Deep Groundwater Signatures in a Shallow Aquifer System, Sonoma Valley, California

A shallow aquifer system near the city of El Verano in Sonoma Valley, California, supplies urban and rural water users. In this study, nine wells ranging in depth from 82 to 674 feet were sampled for tritium and 3-helium to estimate groundwater age. Seven wells 90 to 312 feet deep yielded a non-zero fraction of modern (< 50 year old) groundwater. However, the modern fraction ranged from only 2 to 7% for five of these seven wells, with apparent ages of 24-29 years. For two relatively shallow wells (~100 feet deep) closer to a stream, modern fractions increased to 22-25%, and apparent age decreased to 16-18 years, indicating closer proximity to a recharge sources.

Stable isotopes of the water molecule in local precipitation, streams, and groundwater fall within a narrow range, indicating locally derived water as the source of recharge.
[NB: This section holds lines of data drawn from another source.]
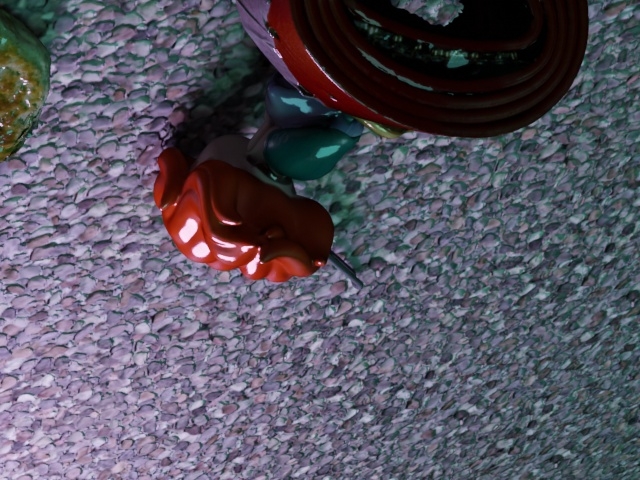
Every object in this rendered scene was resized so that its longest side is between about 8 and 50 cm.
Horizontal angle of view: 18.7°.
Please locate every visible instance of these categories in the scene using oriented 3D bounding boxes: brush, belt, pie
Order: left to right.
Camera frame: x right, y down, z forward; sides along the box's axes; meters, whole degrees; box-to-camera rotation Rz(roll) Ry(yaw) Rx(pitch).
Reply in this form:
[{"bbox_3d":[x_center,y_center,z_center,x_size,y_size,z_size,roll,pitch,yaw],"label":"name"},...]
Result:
[{"bbox_3d":[-0.345,-0.120,1.676,0.240,0.054,0.240,-19,149,-12],"label":"pie"},{"bbox_3d":[0.000,0.000,2.087,0.027,0.062,0.266,-36,152,6],"label":"brush"},{"bbox_3d":[0.073,-0.212,1.667,0.324,0.115,0.227,18,88,-28],"label":"belt"}]

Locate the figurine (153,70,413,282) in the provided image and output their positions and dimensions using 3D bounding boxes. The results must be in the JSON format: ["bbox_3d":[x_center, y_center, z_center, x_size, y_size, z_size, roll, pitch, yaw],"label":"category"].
[{"bbox_3d":[-0.048,-0.062,1.818,0.257,0.208,0.181,-49,160,24],"label":"figurine"}]

In deeper wells, colder noble gas recharge temperatures suggest a component of recharge dating back thousands of years. Radiogenic 4-helium concentrations up to 4.0e-6 cc(STP)/g indicate contribution from deep groundwater sources in both deep and shallow wells.

These groundwater age and isotopic data indicate groundwater supplies in the El Verano area mostly originate from pre-development recharge and deep sources. Even the shallowest wells are remotely connected to local recharge processes. Water level data show declining trends with depth. Simulation of gas-liquid phase flow and transport of water, air, tritium, and 3-helium components is used to reconcile age data with groundwater level trends. Hydrostratigraphy of thin aquifers and thick aquitards having depth-decreasing permeability yields simulation results consistent with the data. In terms of groundwater age and isotopic signature, this shallow aquifer system behaves like a relatively deep basin.

This work was performed under the auspices of the U.S. Department of Energy by Lawrence Livermore National Laboratory under contract No. DE-AC52-07NA27344.